This bulletin identifies some of the key changes introduced by the new provisions, and compares the amendments with the provisions that were previously in force. Please note that translations are provided for reference only.

A. Key changes to the merger control regime

1. Clarification of the concepts of "control" and "implementation"

The concept of "joint control" is explicitly referred to in the guidelines for merger control regime in China for the first time. Article 5 of the Merger Review Provisions stipulates that where two or more business operators have control over other business operators or are able to exert decisive influence over other business operators, it constitutes joint control.  In the context of public companies, the new wording states that historical attendance rates and voting patterns will be relevant factors when assessing control or decisive influence.

The revised guidelines also provide greater detail on what constitutes "implementation" of a concentration without notifying or waiting for receipt of clearance (often referred to as "gun jumping"). Similar to other established jurisdictions such as the EU, relevant factors include (but are not limited to) regulatory registration of share transfer, the appointment of senior management, actual participation in decisions and management in day-to-day operation, exchange of sensitive information with other undertakings, and substantial business integration.

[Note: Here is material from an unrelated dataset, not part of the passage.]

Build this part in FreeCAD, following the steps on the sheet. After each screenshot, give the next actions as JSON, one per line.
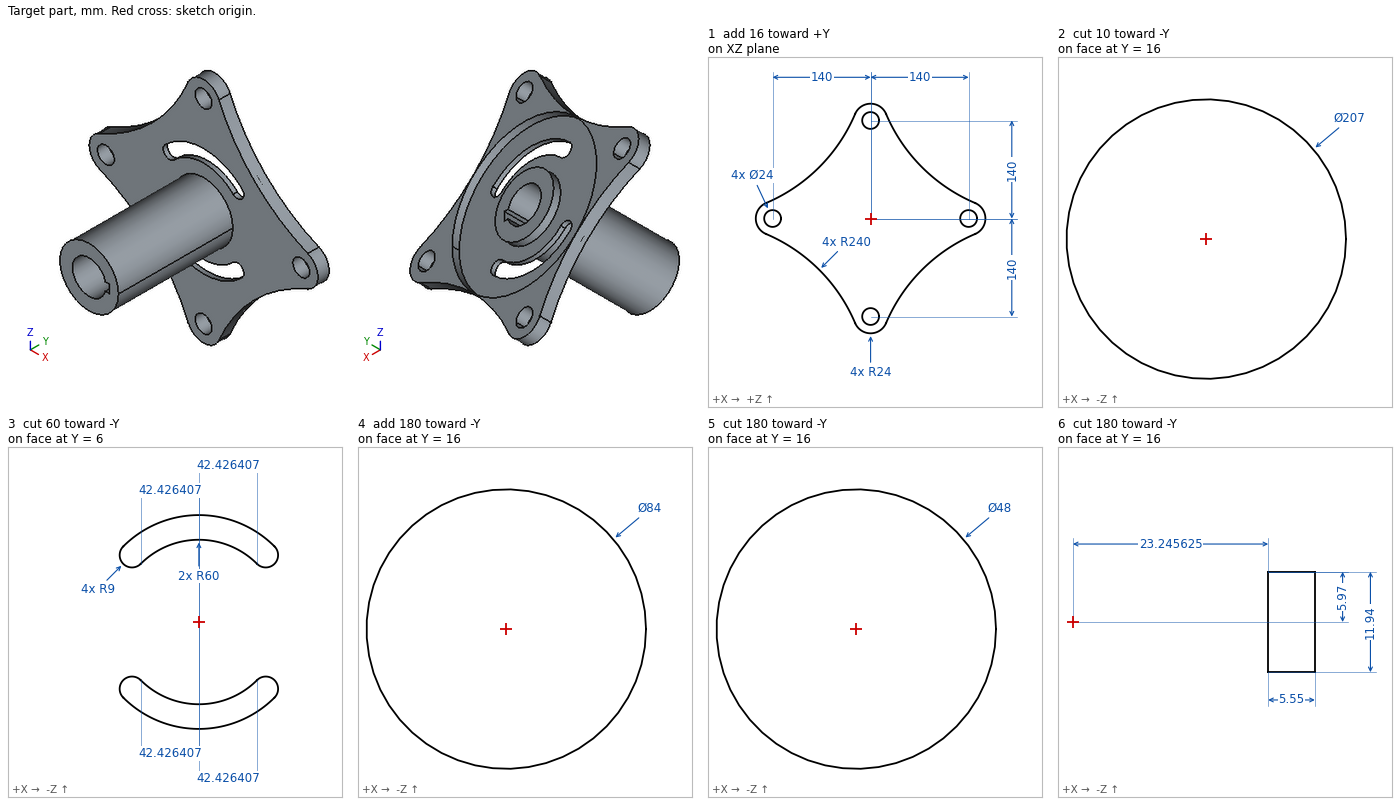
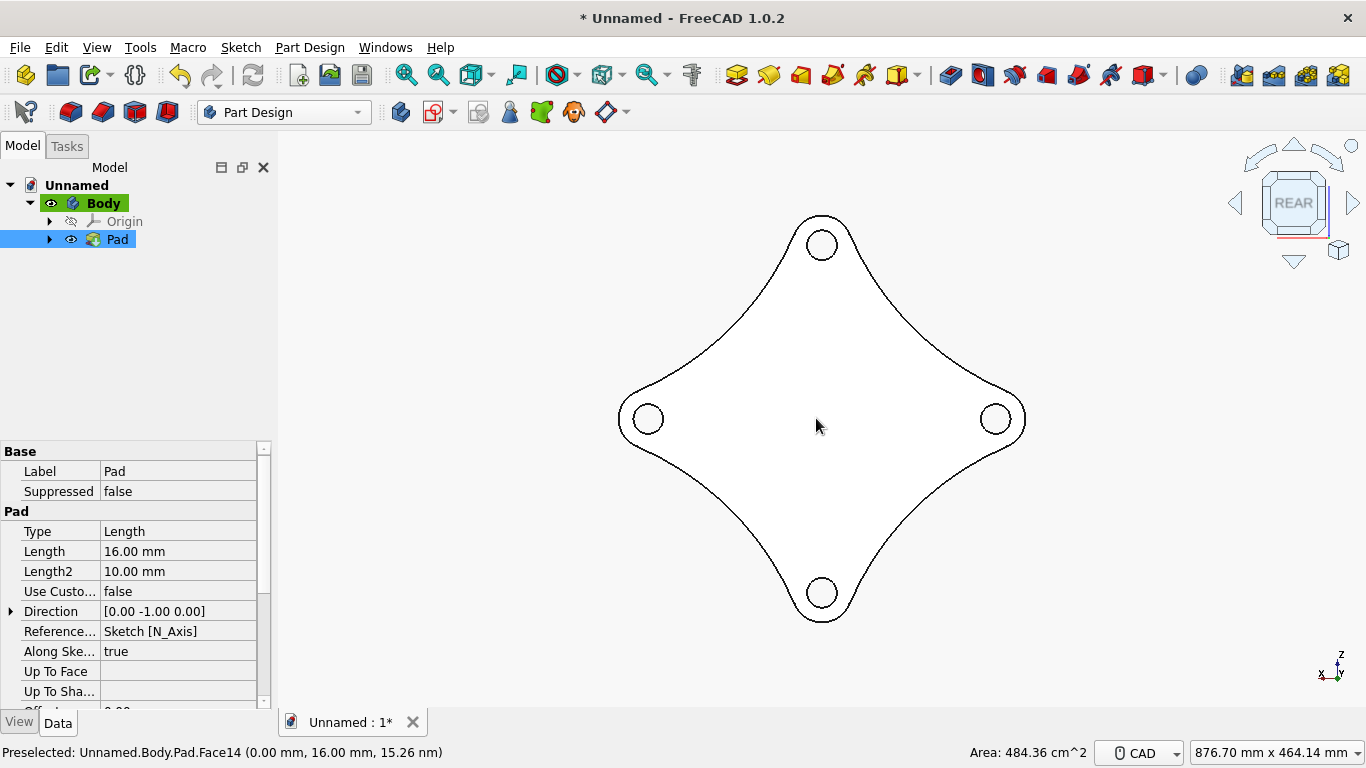
{"action": "left_click", "coordinate": [434, 112]}

2. Clarification of calculating turnover

The new guidelines clarify two important issues regarding the calculation and allocation of turnover for the purposes of applying the turnover thresholds: (1) the turnover to be used for the assessment of the turnover thresholds shall be the turnover of the last financial year preceding the signing date of the transaction document; and (2) when accounting for turnover generated by a jointly controlled undertaking, the turnover should be divided equally between the undertakings who have joint control and double counting should be avoided.

3. Consequential updates to align with the Anti-Monopoly Law amendments

Some consequential amendments have been included in order to reflect the changes brought about by the amendments to the Anti-monopoly Law introduced in June 2022 (Amended AML). These include implementation details of the newly-introduced "stop-the-clock" mechanism during the review period of merger filings, and the increased penalties for infringement.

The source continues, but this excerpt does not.